For all the hype about big males locked in dubious battle during the rut, at the end of the day it’s still the females who choose their mates.
Females of all ungulates undergo their own trial by fire through the process of bearing and raising offspring. Their bodies must be in peak physical condition to carry a calf or a fawn through winter; they must have the ability to find and store enough fat for themselves but also enough to produce milk. Then they must protect that calf in a landscape filled with predators for whom young animals are at the very top of the menu. This is no easy task. And the simple act of bringing the next generation into this world is enough to ensure only the genetically fittest females succeed.
The rut crams all the physical demands a cow or a doe must go through for many months into just a few short weeks for males. Those who come out on top will be selected by females to mate with. Those who survive the months of deprivation and predation afterword will have the opportunity to do it all over again.
Despite popular misconceptions, the rut doesn’t change timing. Just because the availability of food may change year to year, or the fact that one year is dryer or wetter, or colder or warmer, the timing stays the same.
While the timing of the rut for an individual species is predicated upon their length of gestation, the trigger that creates that hormonal switch in males is the ratio of daylight to dark. For those ungulates who experience the rut, bison have the longest gestation period in North America while bighorn sheep have the shortest. Therefore, it’s no coincidence that bison begin rutting in late summer while bighorns start banging heads on the doorstep of winter.

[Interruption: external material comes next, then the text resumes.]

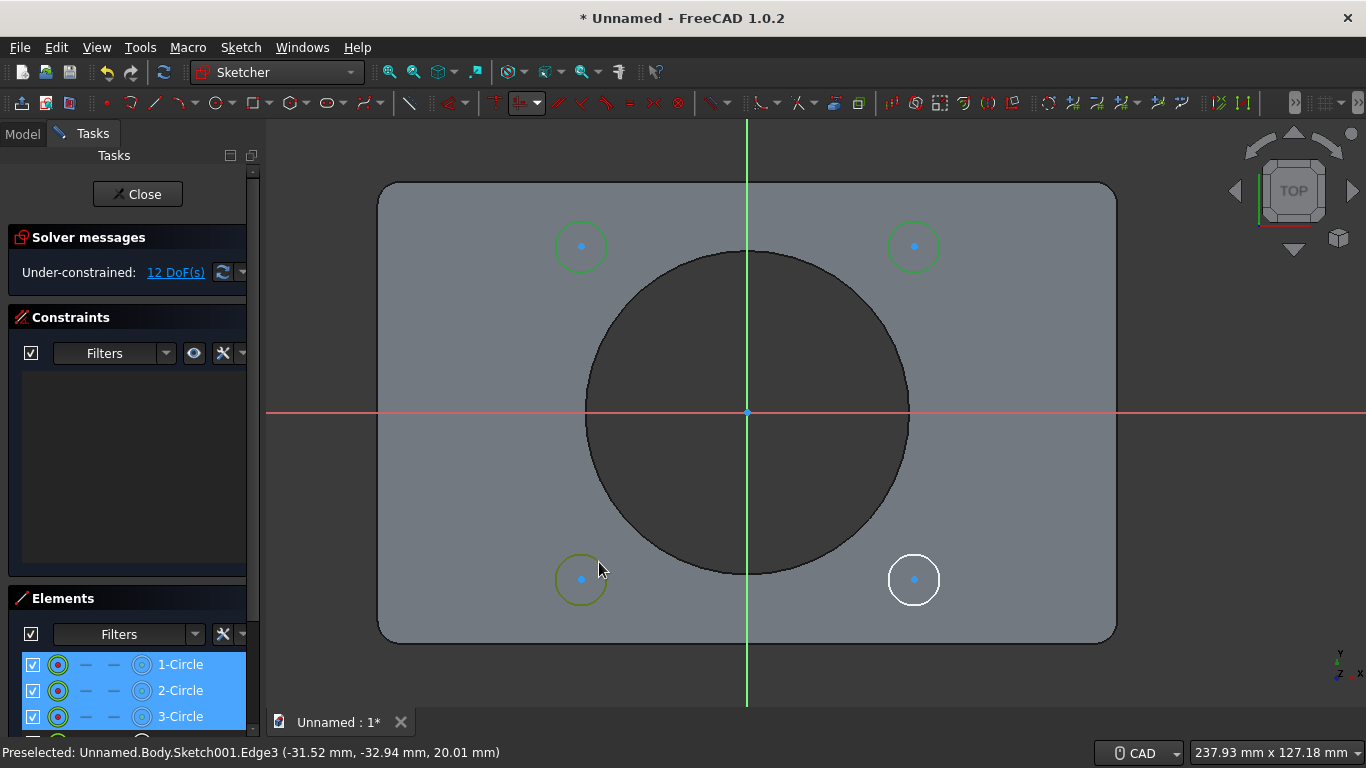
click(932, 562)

Whether bison or bighorn, everything is timed perfectly so that in the spring all these different species in the ecosystem give birth at roughly the same time. While there is a measure of getting the timing right so offspring can prepare for the inevitable winter ahead in places like Wyoming and Montana, this behavior is seen across the planet where multiple species of ungulates live side by side even in the absence of what we might consider “real” winter. Instead, this synchronous calving season, so the leading hypothesis goes, is an attempt to flood the landscape with babies all at once to dilute the impact of predation. The carrying capacity of an ecosystem for large predators is finite. The number of predators in any given area can only eat so many babies in the two to four weeks it takes for those babies to be strong enough and fast enough to keep pace with mom and outrun predators.
Thanks to the different lengths of gestation amongst ungulates, the rut, in North America at least, is a six-month long ordeal. Beginning with bison, the torch is then passed on to the likes of muskox, then pronghorn, and on to elk, moose, and caribou. Come November, white-tailed and mule deer join the fray. And by the beginning of December, the wild sheep of North America, both bighorn and thinhorn (Dall and stone) are doing battle.

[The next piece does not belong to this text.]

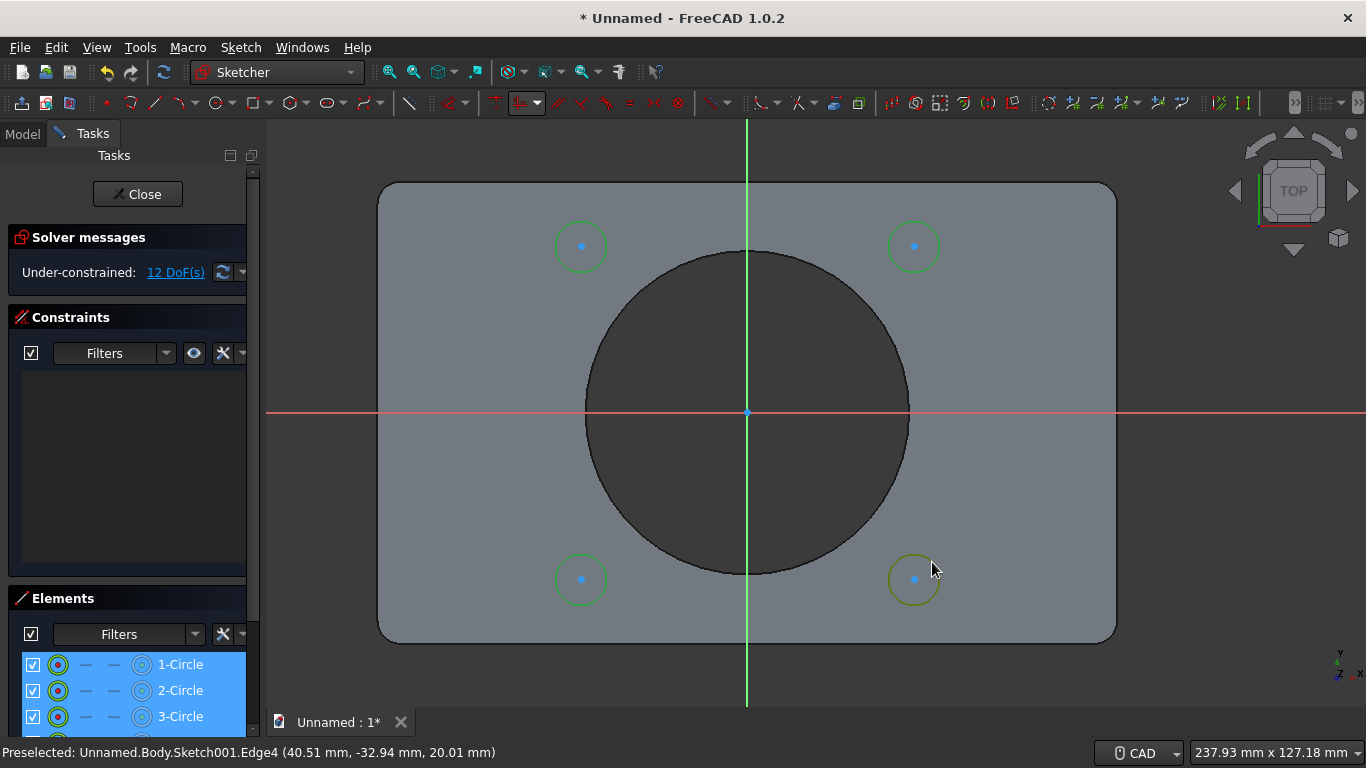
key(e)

This is six months of action for the ambitious wildlife photographer, six months of non-stop opportunities to photograph the charismatic megafauna of the continent in their prime, when males are the biggest, the most photogenic, and so completely drunk off their testosterone so as to drop their guard around humans and other predators.
For all wildlife photographers around the world, the breeding season presents opportunities not found at any other time. Whether you photograph birds in Australia or fireflies in Asia, elephants in Amboseli or moose in Denali, that time of year when the males of the species are giving it everything they have to look their best, stand out from the crowed, and do what it takes to win the hearts and minds of the ladies, it’s these times of the year when memory cards are easily filled. And for the big ungulates of North America, much like Eurasia and Africa, the rut is the universe’s gift to wildlife photographers.